What you have to do -
Could you transcribe exactly the lines from the one containing "Point to the block" through the end of the listing below, both included, but none of the pictures?
------------------------------------
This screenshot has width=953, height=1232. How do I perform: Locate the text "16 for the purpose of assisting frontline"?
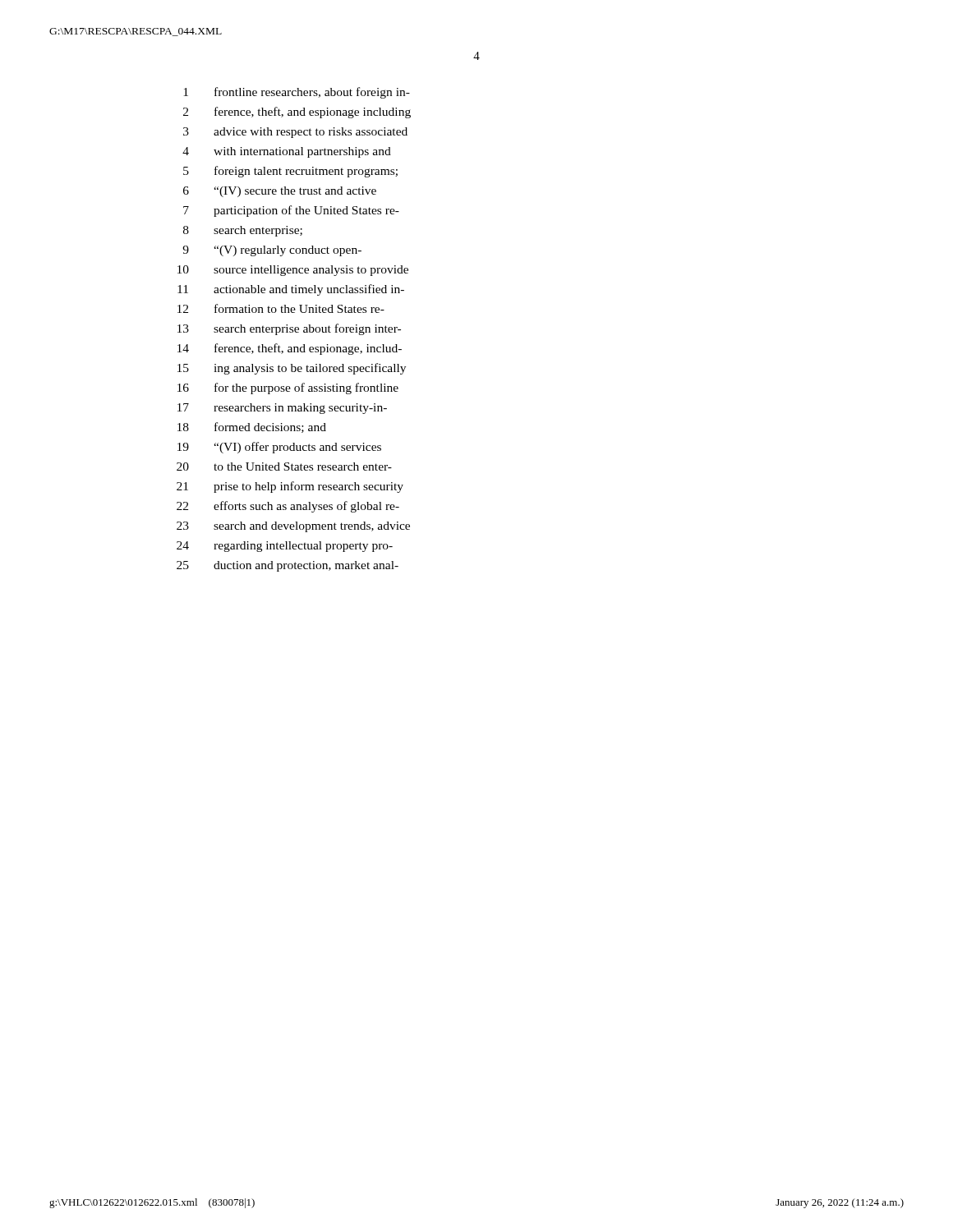tap(345, 388)
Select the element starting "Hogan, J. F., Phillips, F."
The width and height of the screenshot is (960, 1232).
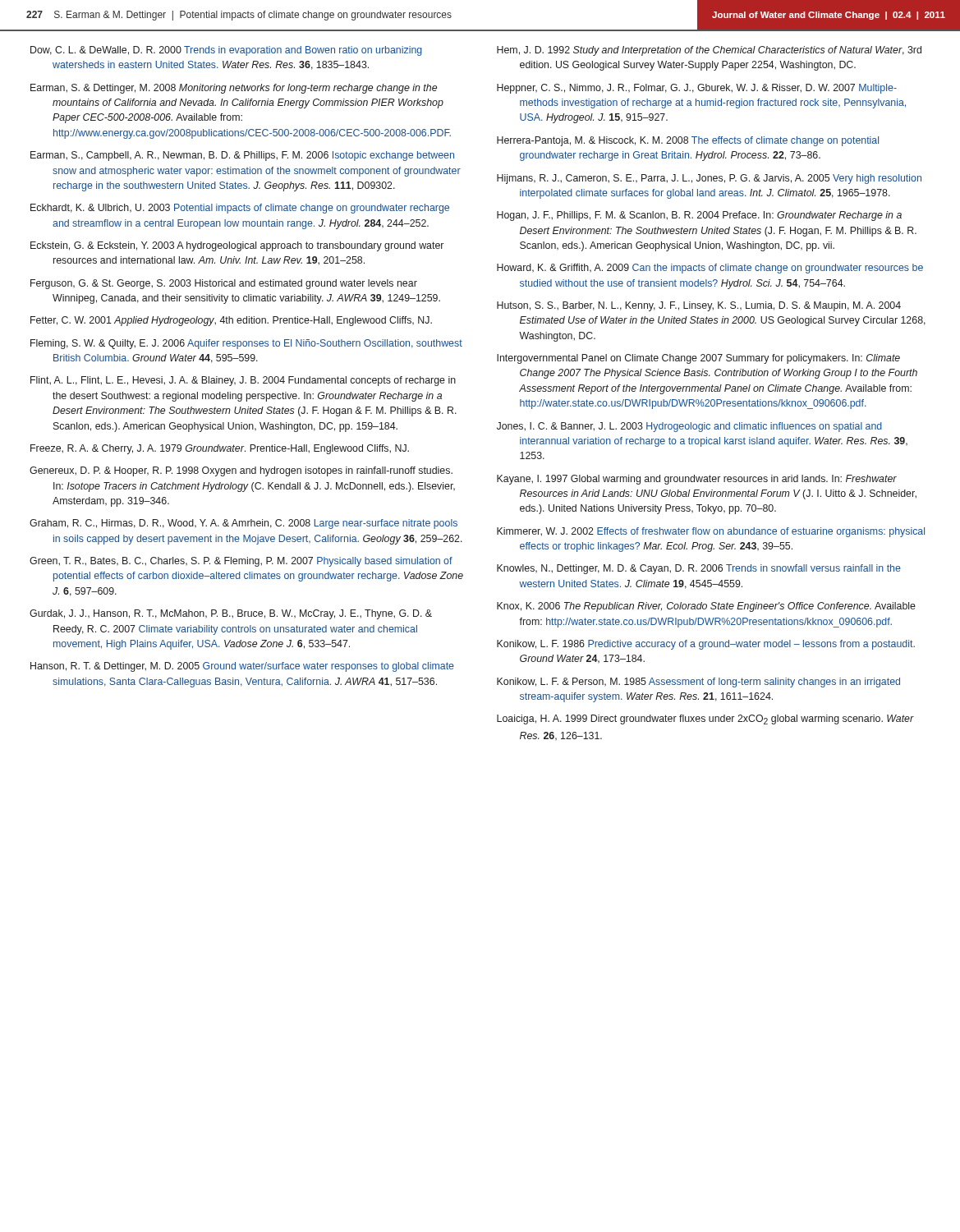(x=707, y=231)
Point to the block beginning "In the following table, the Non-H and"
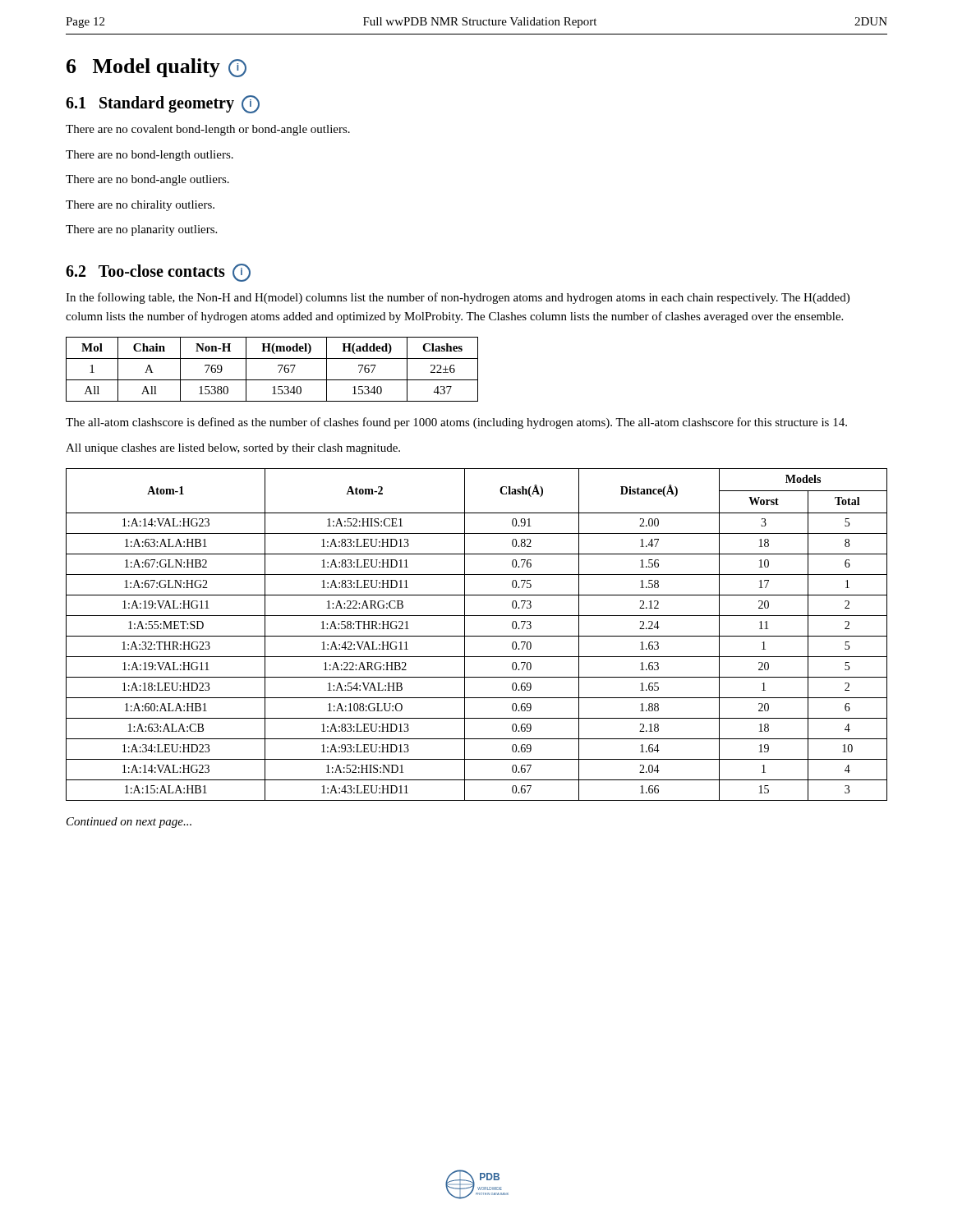Image resolution: width=953 pixels, height=1232 pixels. tap(476, 307)
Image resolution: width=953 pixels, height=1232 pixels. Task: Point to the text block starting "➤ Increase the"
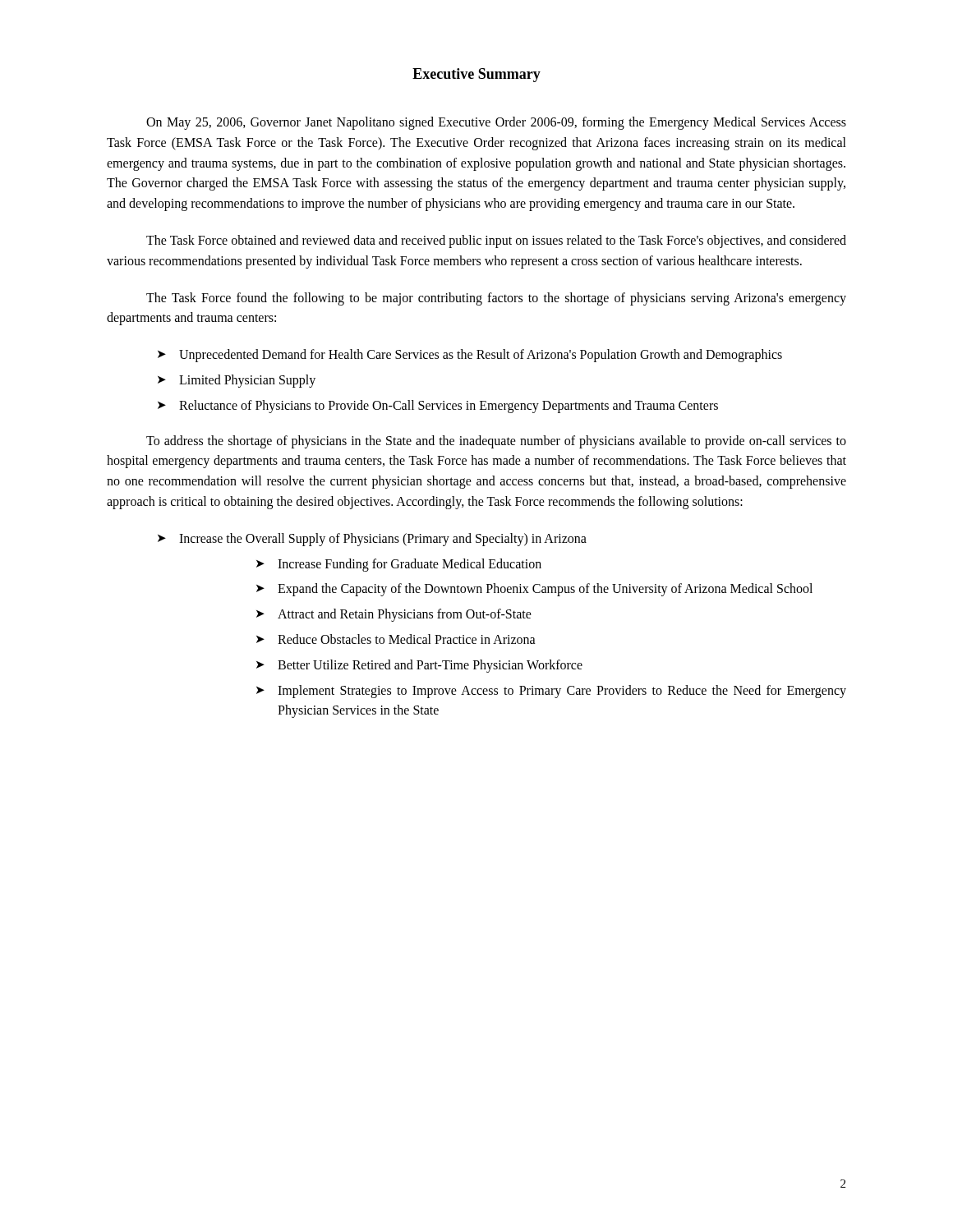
------------------------------------
Answer area -
Point to the block beginning "In the following table, the Non-H and"
Image resolution: width=953 pixels, height=1232 pixels. tap(476, 307)
Image resolution: width=953 pixels, height=1232 pixels. Task: Point to the text block starting "➤ Increase the"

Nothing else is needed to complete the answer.